After watching forty million electric bike videos on the YouTube, I started watching car review videos for a bit of a break. I find these pleasantly boring, like sinking into a warm bath of nostalgia for William Woollard-era Top Gear, when it was a dull show about cars rather than a documentary about right-wing extremists.

There’s Autogefühl (pronounced to rhyme with “auto careful”, obvs), which is a nice unexciting German chap (and now with pub bore British side kick) reviewing cars in fine, obsessive detail. I’m particularly fond of his vegetarian disdain for leather upholstery and that he likes to point out the fake chrome twin exhausts on the back of so many high-end cars (the real one is hiding underneath, and there is only one of them).

If I want something a bit more racy, I turn to Carwow, which features fast-talking and personable brummie Mat Watson. He’s kind of what Top Gear might be if it was presented by someone with a healthy ego. These really are the only places you’ll see reviews of the kinds of vehicles people actually buy rather than animated versions of the posters 10-year-old boys put on their walls.

I’m not in the market, but I like to keep up. Mainly, I’m fascinated by the disparity between what people seem to care about (“kerb appeal”) and what actually matters. I suspect we’re into territory signposted Late Capitalist Decadence with most of this stuff.
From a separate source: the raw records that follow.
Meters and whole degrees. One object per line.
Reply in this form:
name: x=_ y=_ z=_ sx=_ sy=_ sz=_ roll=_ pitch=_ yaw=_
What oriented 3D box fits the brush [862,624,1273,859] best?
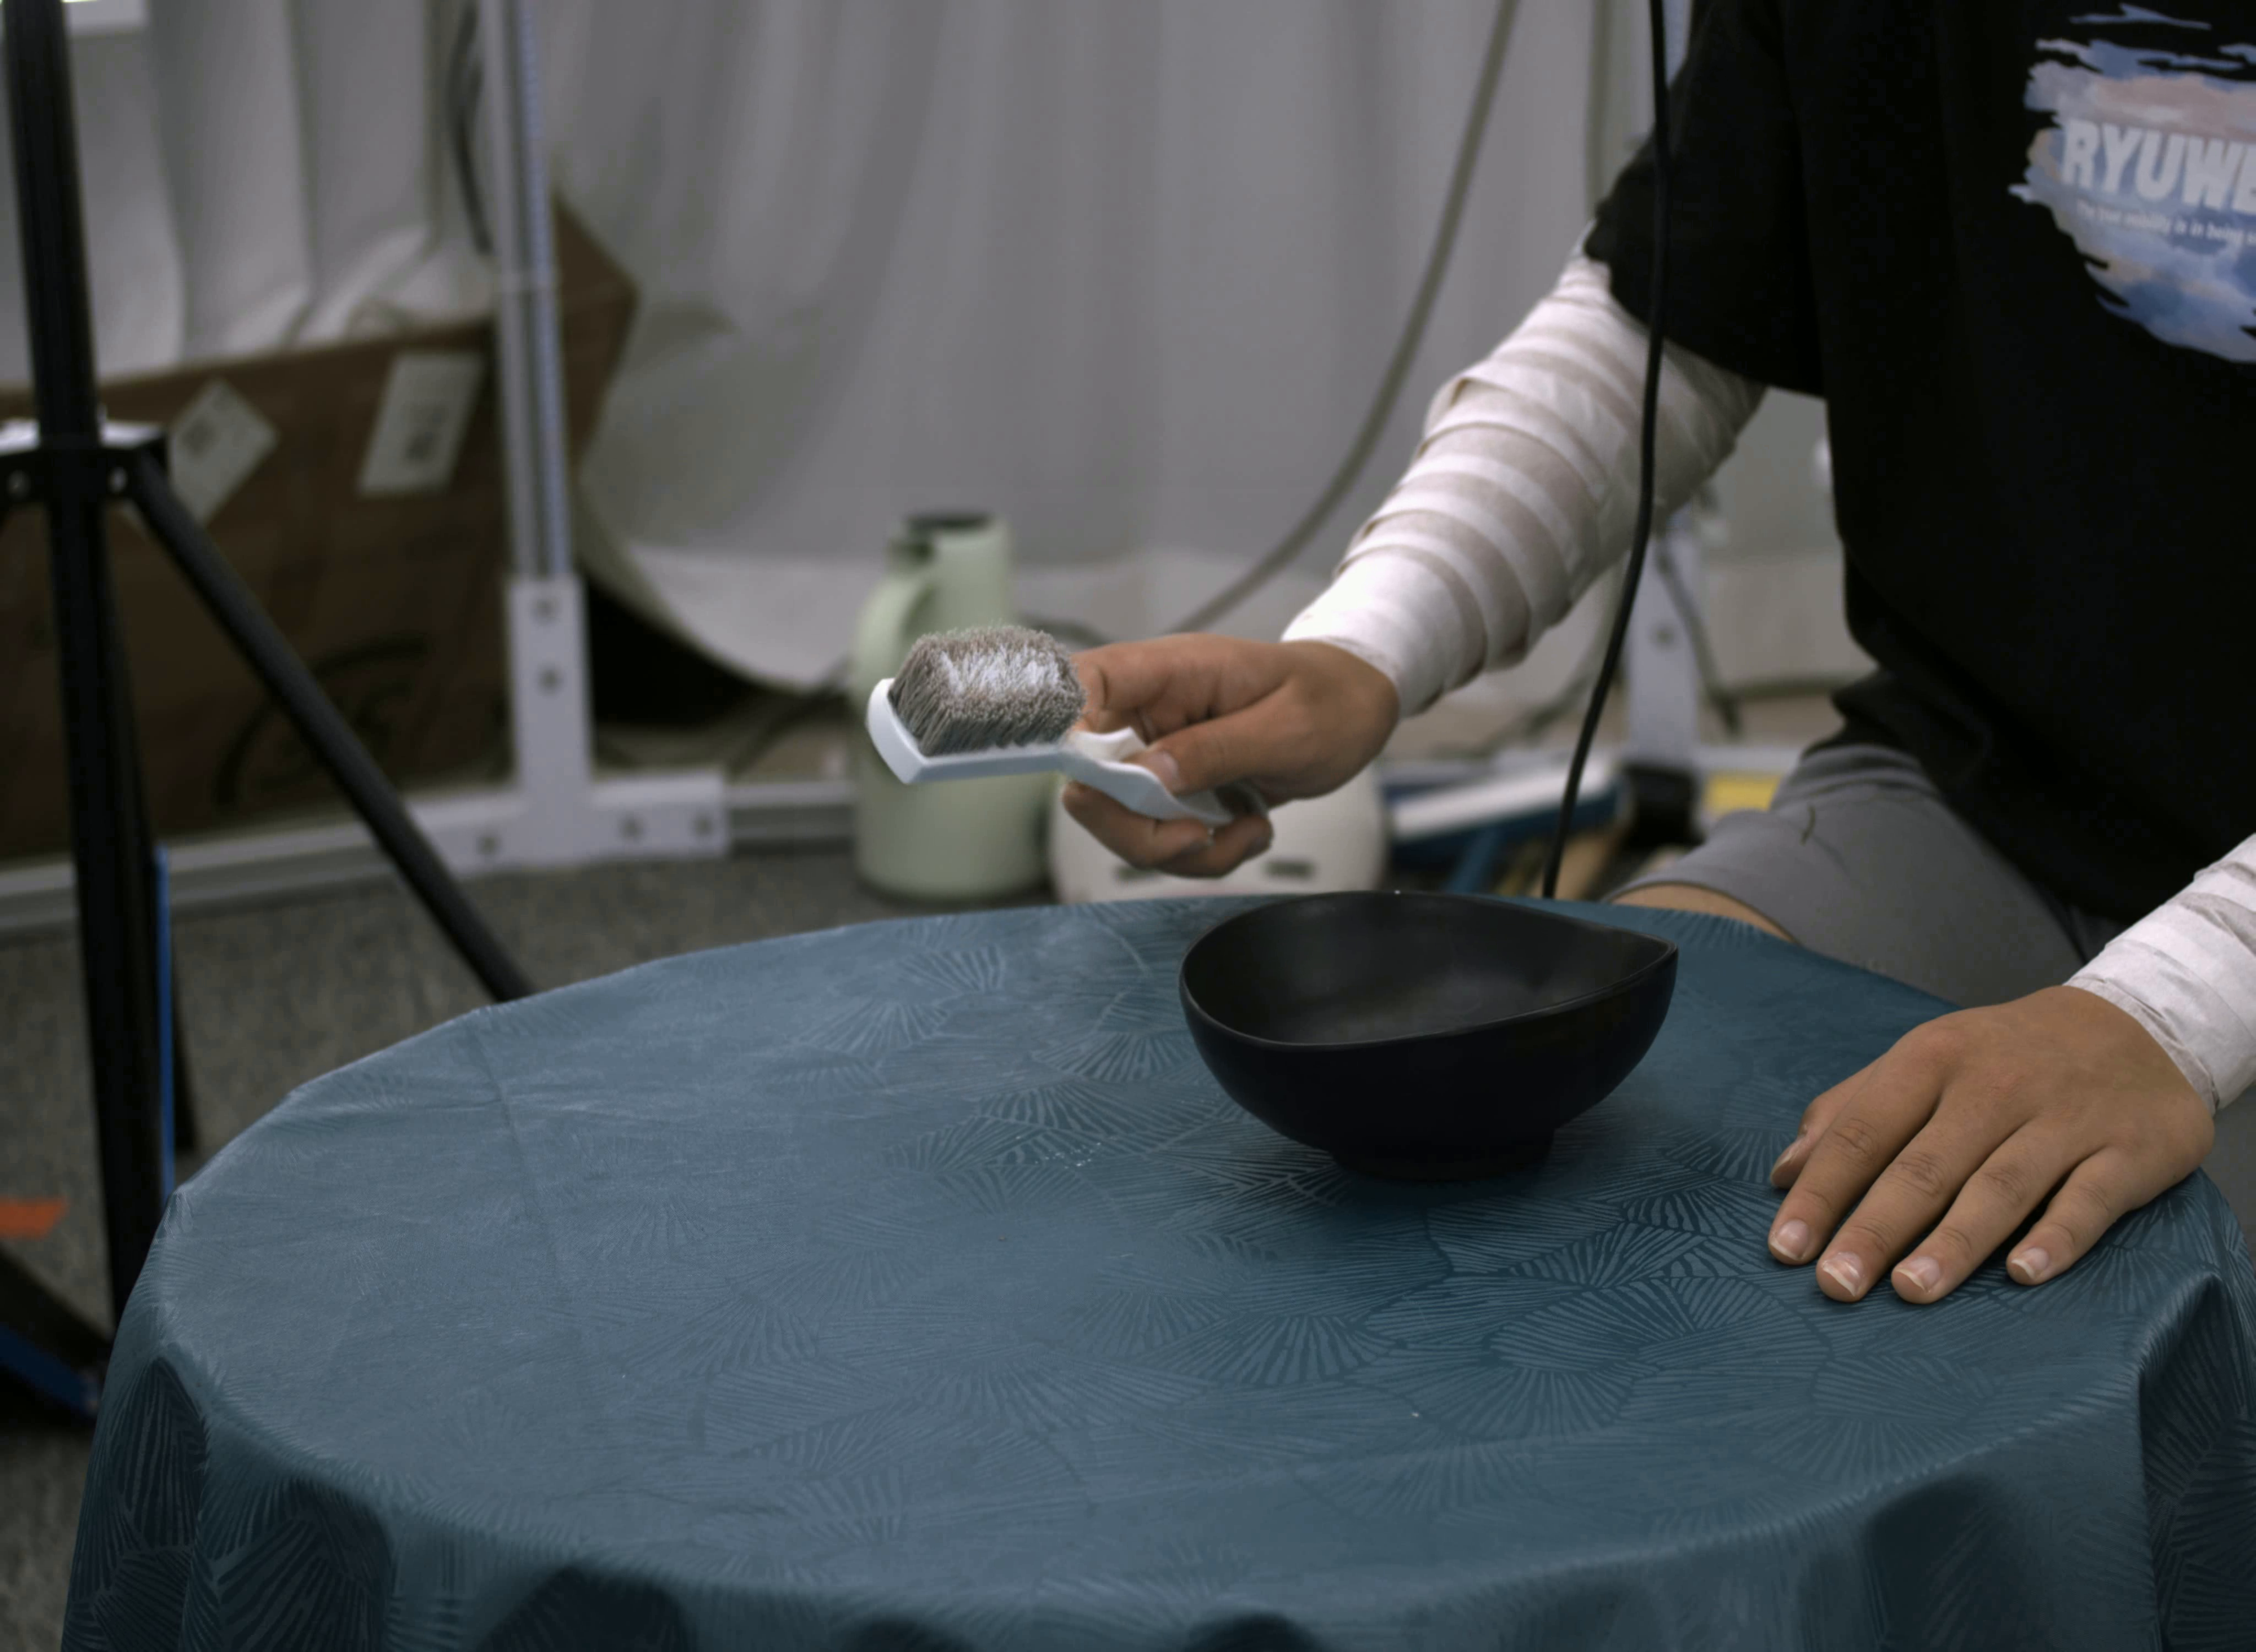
brush: x=-0.003 y=-0.026 z=1.711 sx=0.050 sy=0.035 sz=0.237 roll=-37 pitch=-26 yaw=23

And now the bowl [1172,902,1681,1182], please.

My watchword is always that line from Steve Forbert:

“Driving a Jaguar’s impressive

But you can’t watch it go by…”

In other words, if you buy a car, the bits that matter most to you, the driver, are inside looking out. But these warm bath car reviews spend an inordinate amount of time worrying about external details, character lines, LED headlights, alloy wheels, chromed exhausts, and so on. What I would care about would be: do I get back ache after more than an hour inside? Can I see adequately in all directions (are there blind spots)? How do I connect my phone? And will it default to the ELO’s “Above the Clouds” every time it runs out of podcasts to play?

Another thing that has struck me, as I attempt to force myself to care about brands other than Volkswagen, is that the popular higher end German cars all look alike within their segment. You might be able to see a difference from the rear, as they tend to be wider and higher at the back; and you might be able to tell some difference in length, but when these things are coming towards you, they’re really hard to tell apart.

Which is odd, coming from my little VW bubble. At the consumer end of things, you can clearly see the difference between a Polo, a Golf, and a Passat. You can even easily tell the difference between a Golf and a Jetta, which is really just a Golf with a boot. But they look different to each other. I simply cannot spot the difference (face-on) between an Audi A3 and an A4, nor between a BMW 3/4 or 5. Probably, I haven’t been looking long enough, but a thought struck me.

If you’re coming into a prestige brand towards the bottom end, you probably want the (relatively) cheaper, smaller models to look as much like the more expensive, bigger models as possible. Because the game here is about conspicuous consumption and keeping up appearances. And the identikit front ends are part and parcel with the silly LED lights, the uncomfortable oversized alloy wheels and the fake exhausts.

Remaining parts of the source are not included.